Il y a déjà l’airbus des batteries, qui a pour objectif de regagner de la souveraineté et de relocaliser la production sur le continent. La Commission veut aller plus loin. Elle prépare un texte qui vise à la fois le recyclage et l’origine des cellules. L’idée est de s’assurer que « les matières premières sont fournies de manière durable et responsable, que les cellules, modules et packs de batteries sont fabriqués à l'aide d'énergie propre, contiennent une faible quantité de substances dangereuses, sont écoénergétiques et conçues pour durer longtemps, et qui sont correctement collectés, recyclés ou réutilisés". Fin de citation. Un calendrier a même été dressé pour réduire la part de substances polémiques comme le lithium et le cobalt. Priorité donc à l’économie circulaire. Ainsi, les batteries produites sur le sol européen permettraient d’économiser "jusqu’à 50 % d’émissions de CO2 par rapport à celles en provenance de Chine.

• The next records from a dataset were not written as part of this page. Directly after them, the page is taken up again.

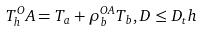Convert formula to latex. <formula><loc_0><loc_0><loc_500><loc_500>T _ { h } ^ { O } A = T _ { a } + \rho _ { b } ^ { O A } T _ { b } , D \leq D _ { t } h</formula> 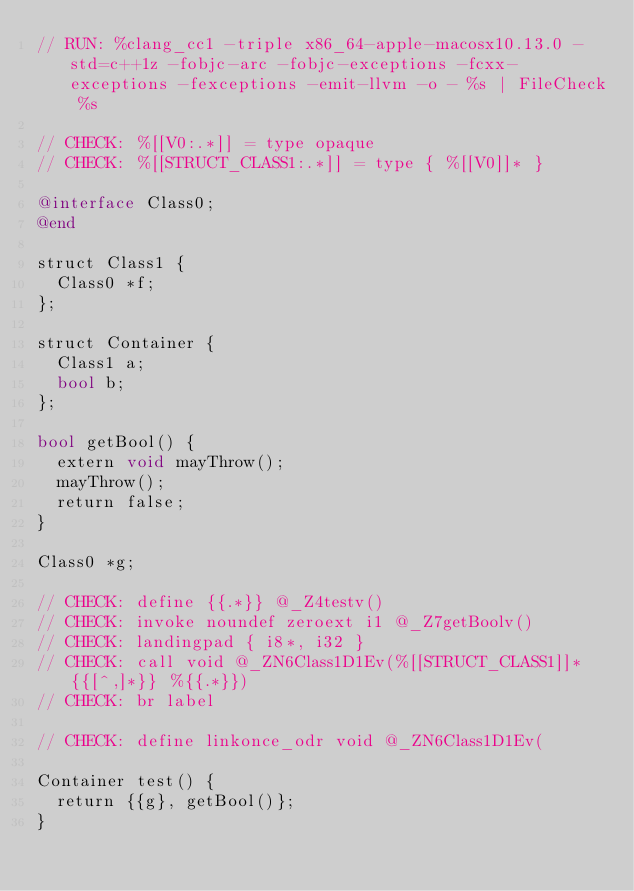<code> <loc_0><loc_0><loc_500><loc_500><_ObjectiveC_>// RUN: %clang_cc1 -triple x86_64-apple-macosx10.13.0 -std=c++1z -fobjc-arc -fobjc-exceptions -fcxx-exceptions -fexceptions -emit-llvm -o - %s | FileCheck %s

// CHECK: %[[V0:.*]] = type opaque
// CHECK: %[[STRUCT_CLASS1:.*]] = type { %[[V0]]* }

@interface Class0;
@end

struct Class1 {
  Class0 *f;
};

struct Container {
  Class1 a;
  bool b;
};

bool getBool() {
  extern void mayThrow();
  mayThrow();
  return false;
}

Class0 *g;

// CHECK: define {{.*}} @_Z4testv()
// CHECK: invoke noundef zeroext i1 @_Z7getBoolv()
// CHECK: landingpad { i8*, i32 }
// CHECK: call void @_ZN6Class1D1Ev(%[[STRUCT_CLASS1]]* {{[^,]*}} %{{.*}})
// CHECK: br label

// CHECK: define linkonce_odr void @_ZN6Class1D1Ev(

Container test() {
  return {{g}, getBool()};
}
</code>

Y aura-t-il une Alpine électrique ?

Si les fans de la marque ont pu craindre qu’elle ne fasse les frais du plan de relance de Renault, il n’en est rien. Le nouveau patron italien, Luca di Meo, veut garder Alpine. Et il va même donner son nom à l’écurie de Formule 1 de la marque au losange. On ne sait pas encore quels sont les projets pour développer la marque de sport. Mais, un indice laisse à penser qu’une version électrique est dans les tuyaux. Le responsable de l’ingénierie de Renault a en effet laissé entendre qu’Alpine pourrait bénéficier de la nouvelle plateforme commune à l’alliance Renault-Nissan. Une plateforme sur laquelle sera basée la prochaine Mégane électrique. 

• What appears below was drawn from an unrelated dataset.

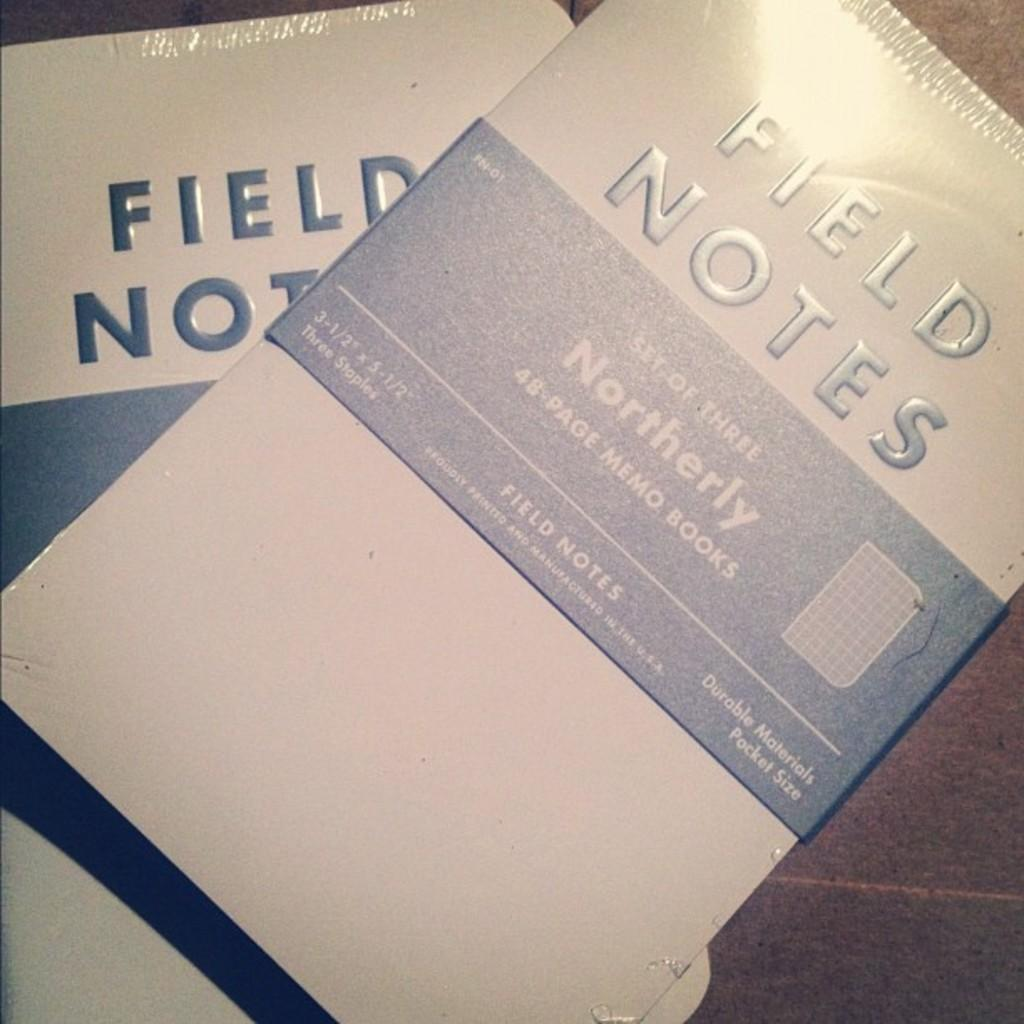<image>
Write a terse but informative summary of the picture. A field notes notebook set contains three books of 48 pages each.

Et puis c’est officiel, la fusion entre le groupe PSA et le groupe Fiat a été validée par Bruxelles. 

Elle n’est pas encore effective. Il faudra attendre pour cela la fin du premier trimestre de 2021. Mais, il n’y a plus d’obstacles. L’objectif est de former ainsi le 4ème constructeur mondial. L’ensemble comprendra 14 marques, dont des pépites comme Alfa Romeo et Maserati. C’est plus que Volkswagen. Les deux groupes, qui vont économiser 5 milliards par an en joignant leurs forces, pourront produire 9 millions de voitures par an. Baptisé Stellantis, le nouveau groupe a du faire quelques concessions par rapport aux utilitaires, où il avait une position dominante en Europe. Mais, la fusion est lancée. Et c’est le patron de PSA, Carlos Tavares, qui sera aux commandes pour gérer de façon opérationnelle le groupe, le patron de Fiat étant lui le Président tout court.